BEGIN PROVIDED MATERIAL
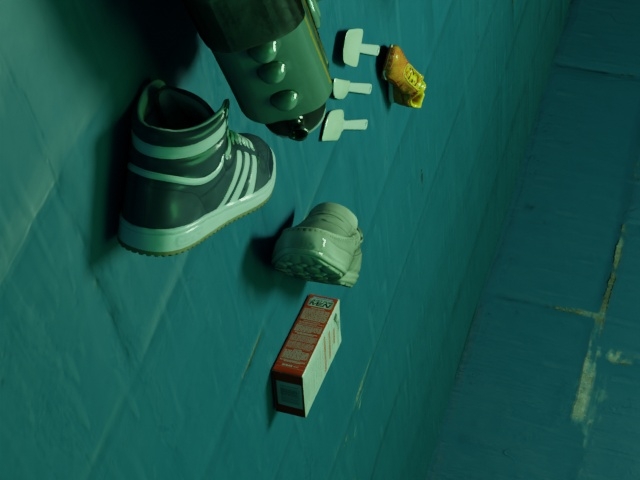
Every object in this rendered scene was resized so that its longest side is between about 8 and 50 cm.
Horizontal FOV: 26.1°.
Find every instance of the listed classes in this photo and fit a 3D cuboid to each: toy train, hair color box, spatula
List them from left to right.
[{"bbox_3d":[-0.067,-0.231,1.323,0.334,0.142,0.190,67,8,-61],"label":"toy train"},{"bbox_3d":[-0.019,0.171,2.064,0.167,0.053,0.093,-61,156,-44],"label":"hair color box"},{"bbox_3d":[0.054,-0.235,2.085,0.242,0.019,0.168,-19,119,-72],"label":"spatula"}]

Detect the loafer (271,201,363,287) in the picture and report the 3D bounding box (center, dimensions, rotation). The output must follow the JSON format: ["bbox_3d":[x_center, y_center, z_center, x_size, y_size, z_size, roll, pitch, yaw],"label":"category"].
END PROVIDED MATERIAL
[DIRECTIONS]
Repeat the entries verbatim; no pictures.

[RESULT]
Every object in this rendered scene was resized so that its longest side is between about 8 and 50 cm.
Horizontal FOV: 26.1°.
Find every instance of the listed classes in this photo and fit a 3D cuboid to each: toy train, hair color box, spatula
List them from left to right.
[{"bbox_3d":[-0.067,-0.231,1.323,0.334,0.142,0.190,67,8,-61],"label":"toy train"},{"bbox_3d":[-0.019,0.171,2.064,0.167,0.053,0.093,-61,156,-44],"label":"hair color box"},{"bbox_3d":[0.054,-0.235,2.085,0.242,0.019,0.168,-19,119,-72],"label":"spatula"}]

Detect the loafer (271,201,363,287) in the picture and report the 3D bounding box (center, dimensions, rotation). The output must follow the JSON format: ["bbox_3d":[x_center, y_center, z_center, x_size, y_size, z_size, roll, pitch, yaw],"label":"category"].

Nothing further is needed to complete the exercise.